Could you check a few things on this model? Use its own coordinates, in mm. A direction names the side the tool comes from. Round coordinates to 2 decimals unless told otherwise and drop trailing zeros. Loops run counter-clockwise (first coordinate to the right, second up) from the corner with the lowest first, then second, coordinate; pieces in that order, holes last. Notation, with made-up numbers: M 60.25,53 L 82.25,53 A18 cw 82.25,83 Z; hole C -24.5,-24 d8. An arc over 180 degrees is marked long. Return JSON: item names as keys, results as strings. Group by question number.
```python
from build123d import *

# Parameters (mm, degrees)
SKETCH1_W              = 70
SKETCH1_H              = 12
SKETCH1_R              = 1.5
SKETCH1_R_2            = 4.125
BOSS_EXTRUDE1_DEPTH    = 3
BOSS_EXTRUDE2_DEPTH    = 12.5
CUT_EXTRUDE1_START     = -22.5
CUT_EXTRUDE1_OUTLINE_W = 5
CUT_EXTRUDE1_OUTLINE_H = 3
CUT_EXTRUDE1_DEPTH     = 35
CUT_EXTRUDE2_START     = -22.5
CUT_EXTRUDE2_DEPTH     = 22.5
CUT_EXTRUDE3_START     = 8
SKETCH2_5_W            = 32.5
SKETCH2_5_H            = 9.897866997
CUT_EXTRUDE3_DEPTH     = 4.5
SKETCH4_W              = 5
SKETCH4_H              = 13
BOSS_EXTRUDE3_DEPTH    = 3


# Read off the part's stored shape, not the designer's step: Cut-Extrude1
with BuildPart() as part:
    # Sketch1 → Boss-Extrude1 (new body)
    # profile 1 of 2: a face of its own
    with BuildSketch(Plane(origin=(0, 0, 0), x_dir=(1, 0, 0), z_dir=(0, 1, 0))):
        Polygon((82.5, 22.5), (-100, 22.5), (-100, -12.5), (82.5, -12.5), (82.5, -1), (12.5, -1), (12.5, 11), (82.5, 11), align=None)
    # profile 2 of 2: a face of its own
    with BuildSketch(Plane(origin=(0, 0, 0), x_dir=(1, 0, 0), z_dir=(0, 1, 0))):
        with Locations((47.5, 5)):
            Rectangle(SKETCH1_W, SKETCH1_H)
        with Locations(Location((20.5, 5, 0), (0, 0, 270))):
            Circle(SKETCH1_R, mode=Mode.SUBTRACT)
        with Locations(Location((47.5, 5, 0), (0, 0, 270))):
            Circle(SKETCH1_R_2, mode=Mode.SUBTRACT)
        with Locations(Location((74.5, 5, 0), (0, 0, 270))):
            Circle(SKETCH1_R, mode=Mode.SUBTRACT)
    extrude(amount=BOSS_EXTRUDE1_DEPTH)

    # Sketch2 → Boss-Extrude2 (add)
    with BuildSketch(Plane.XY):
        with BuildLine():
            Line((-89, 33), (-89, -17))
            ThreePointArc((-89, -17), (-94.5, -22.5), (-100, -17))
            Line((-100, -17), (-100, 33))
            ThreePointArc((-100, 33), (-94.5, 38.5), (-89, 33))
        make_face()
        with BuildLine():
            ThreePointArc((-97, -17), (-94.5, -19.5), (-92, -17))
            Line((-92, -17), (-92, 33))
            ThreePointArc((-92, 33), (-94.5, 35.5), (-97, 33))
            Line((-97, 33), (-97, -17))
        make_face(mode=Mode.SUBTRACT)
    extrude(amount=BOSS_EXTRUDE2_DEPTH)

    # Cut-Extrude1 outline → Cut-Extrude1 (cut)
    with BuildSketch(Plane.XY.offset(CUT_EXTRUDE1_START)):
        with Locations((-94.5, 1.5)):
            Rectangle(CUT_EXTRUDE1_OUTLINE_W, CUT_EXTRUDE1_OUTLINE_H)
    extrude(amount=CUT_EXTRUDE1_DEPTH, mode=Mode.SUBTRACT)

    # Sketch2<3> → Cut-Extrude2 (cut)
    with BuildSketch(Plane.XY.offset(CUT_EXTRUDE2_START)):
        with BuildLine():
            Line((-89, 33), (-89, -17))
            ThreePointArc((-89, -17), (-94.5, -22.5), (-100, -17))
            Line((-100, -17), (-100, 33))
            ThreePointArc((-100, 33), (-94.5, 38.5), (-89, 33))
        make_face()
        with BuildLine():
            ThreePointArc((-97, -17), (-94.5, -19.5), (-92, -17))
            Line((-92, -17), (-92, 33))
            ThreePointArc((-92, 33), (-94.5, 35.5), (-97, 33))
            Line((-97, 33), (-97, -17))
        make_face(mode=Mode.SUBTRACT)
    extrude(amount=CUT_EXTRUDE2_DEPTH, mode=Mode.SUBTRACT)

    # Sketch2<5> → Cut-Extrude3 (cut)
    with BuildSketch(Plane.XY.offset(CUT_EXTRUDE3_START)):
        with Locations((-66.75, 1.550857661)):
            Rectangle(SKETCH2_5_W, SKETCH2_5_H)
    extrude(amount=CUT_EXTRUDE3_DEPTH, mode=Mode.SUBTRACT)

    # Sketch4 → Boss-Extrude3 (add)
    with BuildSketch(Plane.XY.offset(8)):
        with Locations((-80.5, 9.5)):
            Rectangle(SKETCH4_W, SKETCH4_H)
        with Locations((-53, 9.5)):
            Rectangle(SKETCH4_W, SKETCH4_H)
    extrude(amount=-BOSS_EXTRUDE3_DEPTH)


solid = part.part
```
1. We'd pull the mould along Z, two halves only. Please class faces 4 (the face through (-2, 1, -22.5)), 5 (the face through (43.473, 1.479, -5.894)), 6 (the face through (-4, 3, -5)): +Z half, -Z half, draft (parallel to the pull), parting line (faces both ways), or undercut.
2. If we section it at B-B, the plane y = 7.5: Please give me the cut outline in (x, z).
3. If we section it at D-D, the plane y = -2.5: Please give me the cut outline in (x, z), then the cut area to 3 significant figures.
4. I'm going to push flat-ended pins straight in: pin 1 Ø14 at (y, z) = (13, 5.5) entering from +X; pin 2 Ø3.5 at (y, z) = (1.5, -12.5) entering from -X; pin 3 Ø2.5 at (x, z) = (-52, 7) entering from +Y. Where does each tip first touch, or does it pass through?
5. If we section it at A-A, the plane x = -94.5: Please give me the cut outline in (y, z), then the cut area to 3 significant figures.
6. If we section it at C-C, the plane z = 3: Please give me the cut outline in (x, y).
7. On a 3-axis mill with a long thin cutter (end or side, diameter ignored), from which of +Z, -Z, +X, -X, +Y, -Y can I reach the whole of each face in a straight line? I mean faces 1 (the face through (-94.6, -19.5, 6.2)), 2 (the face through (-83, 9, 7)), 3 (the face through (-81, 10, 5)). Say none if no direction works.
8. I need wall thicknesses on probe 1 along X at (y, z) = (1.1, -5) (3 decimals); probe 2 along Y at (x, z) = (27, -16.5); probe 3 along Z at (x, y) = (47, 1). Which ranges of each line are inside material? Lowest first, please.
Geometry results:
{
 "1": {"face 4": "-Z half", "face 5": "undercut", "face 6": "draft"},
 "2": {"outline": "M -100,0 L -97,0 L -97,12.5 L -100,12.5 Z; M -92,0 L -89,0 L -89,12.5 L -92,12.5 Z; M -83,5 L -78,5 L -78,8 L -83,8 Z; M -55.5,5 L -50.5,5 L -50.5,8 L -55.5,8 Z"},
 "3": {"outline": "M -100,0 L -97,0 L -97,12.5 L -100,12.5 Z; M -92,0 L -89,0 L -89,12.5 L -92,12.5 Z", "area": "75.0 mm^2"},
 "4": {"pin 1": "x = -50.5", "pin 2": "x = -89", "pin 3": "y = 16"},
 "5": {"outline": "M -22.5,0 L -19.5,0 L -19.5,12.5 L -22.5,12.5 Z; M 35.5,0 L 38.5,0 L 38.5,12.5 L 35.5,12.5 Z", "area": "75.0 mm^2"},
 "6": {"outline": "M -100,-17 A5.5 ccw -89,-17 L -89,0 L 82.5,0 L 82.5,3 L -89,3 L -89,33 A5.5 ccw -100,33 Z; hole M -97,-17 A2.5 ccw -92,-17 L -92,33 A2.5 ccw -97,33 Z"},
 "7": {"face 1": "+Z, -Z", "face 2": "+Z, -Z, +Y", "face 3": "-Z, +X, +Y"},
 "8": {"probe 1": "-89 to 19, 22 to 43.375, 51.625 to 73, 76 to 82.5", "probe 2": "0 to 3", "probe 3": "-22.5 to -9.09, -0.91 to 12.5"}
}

--

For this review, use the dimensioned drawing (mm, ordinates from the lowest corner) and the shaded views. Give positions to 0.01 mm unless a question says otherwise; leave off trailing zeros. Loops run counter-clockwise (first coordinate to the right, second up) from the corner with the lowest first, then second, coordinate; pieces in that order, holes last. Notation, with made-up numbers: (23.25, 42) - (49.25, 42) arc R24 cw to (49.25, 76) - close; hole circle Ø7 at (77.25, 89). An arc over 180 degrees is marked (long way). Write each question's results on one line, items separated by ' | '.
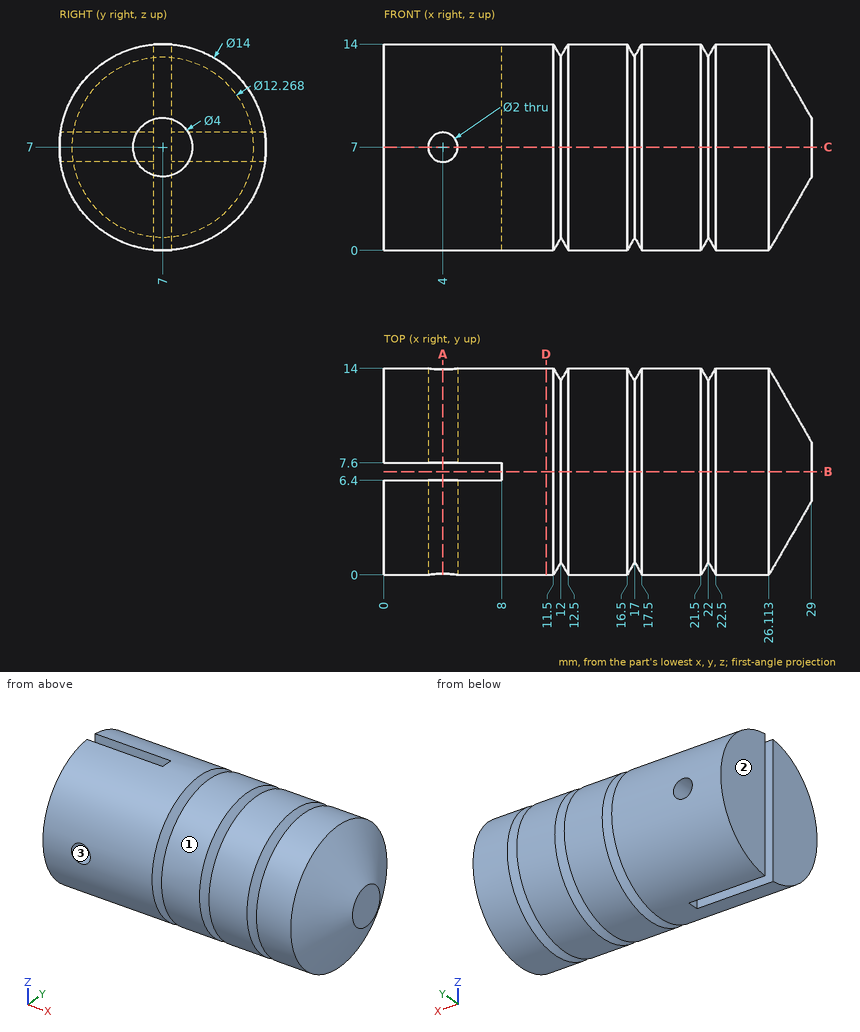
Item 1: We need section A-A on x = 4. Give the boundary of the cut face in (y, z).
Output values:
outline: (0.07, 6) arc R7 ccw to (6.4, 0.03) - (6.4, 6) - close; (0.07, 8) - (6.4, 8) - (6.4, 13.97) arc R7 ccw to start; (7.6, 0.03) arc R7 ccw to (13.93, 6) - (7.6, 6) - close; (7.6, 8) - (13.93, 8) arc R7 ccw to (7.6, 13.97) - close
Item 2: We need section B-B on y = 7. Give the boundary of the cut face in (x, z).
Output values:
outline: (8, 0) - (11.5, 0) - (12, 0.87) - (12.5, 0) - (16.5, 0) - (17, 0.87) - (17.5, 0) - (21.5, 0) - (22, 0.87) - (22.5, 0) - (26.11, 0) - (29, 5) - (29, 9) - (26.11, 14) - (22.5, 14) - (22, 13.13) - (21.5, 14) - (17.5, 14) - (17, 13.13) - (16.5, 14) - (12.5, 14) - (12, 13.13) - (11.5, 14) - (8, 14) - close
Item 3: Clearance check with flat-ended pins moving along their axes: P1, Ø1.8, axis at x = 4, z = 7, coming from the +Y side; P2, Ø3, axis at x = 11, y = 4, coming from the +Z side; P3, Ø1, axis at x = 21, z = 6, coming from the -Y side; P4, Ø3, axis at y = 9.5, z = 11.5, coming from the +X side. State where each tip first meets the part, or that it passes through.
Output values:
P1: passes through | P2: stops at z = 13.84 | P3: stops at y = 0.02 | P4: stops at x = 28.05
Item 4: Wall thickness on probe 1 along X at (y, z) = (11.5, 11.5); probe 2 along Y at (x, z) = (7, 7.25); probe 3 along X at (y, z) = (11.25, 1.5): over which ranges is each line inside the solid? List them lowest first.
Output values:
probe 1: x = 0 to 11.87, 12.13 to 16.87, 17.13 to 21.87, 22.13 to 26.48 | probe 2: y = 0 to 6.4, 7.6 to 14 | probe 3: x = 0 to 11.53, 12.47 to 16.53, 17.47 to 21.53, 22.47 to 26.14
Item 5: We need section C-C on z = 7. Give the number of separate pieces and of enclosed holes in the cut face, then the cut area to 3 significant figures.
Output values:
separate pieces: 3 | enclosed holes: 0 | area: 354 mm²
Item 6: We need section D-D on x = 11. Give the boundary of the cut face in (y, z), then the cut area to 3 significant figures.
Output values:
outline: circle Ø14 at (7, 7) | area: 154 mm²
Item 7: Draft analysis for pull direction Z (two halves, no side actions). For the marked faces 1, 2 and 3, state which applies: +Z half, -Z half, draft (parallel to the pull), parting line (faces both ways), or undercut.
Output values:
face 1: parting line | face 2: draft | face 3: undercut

--

[Instructions for the task]: State how many lines of the entries include the word "coordinate", giving that number by itself.

[Response to the exercise]: 2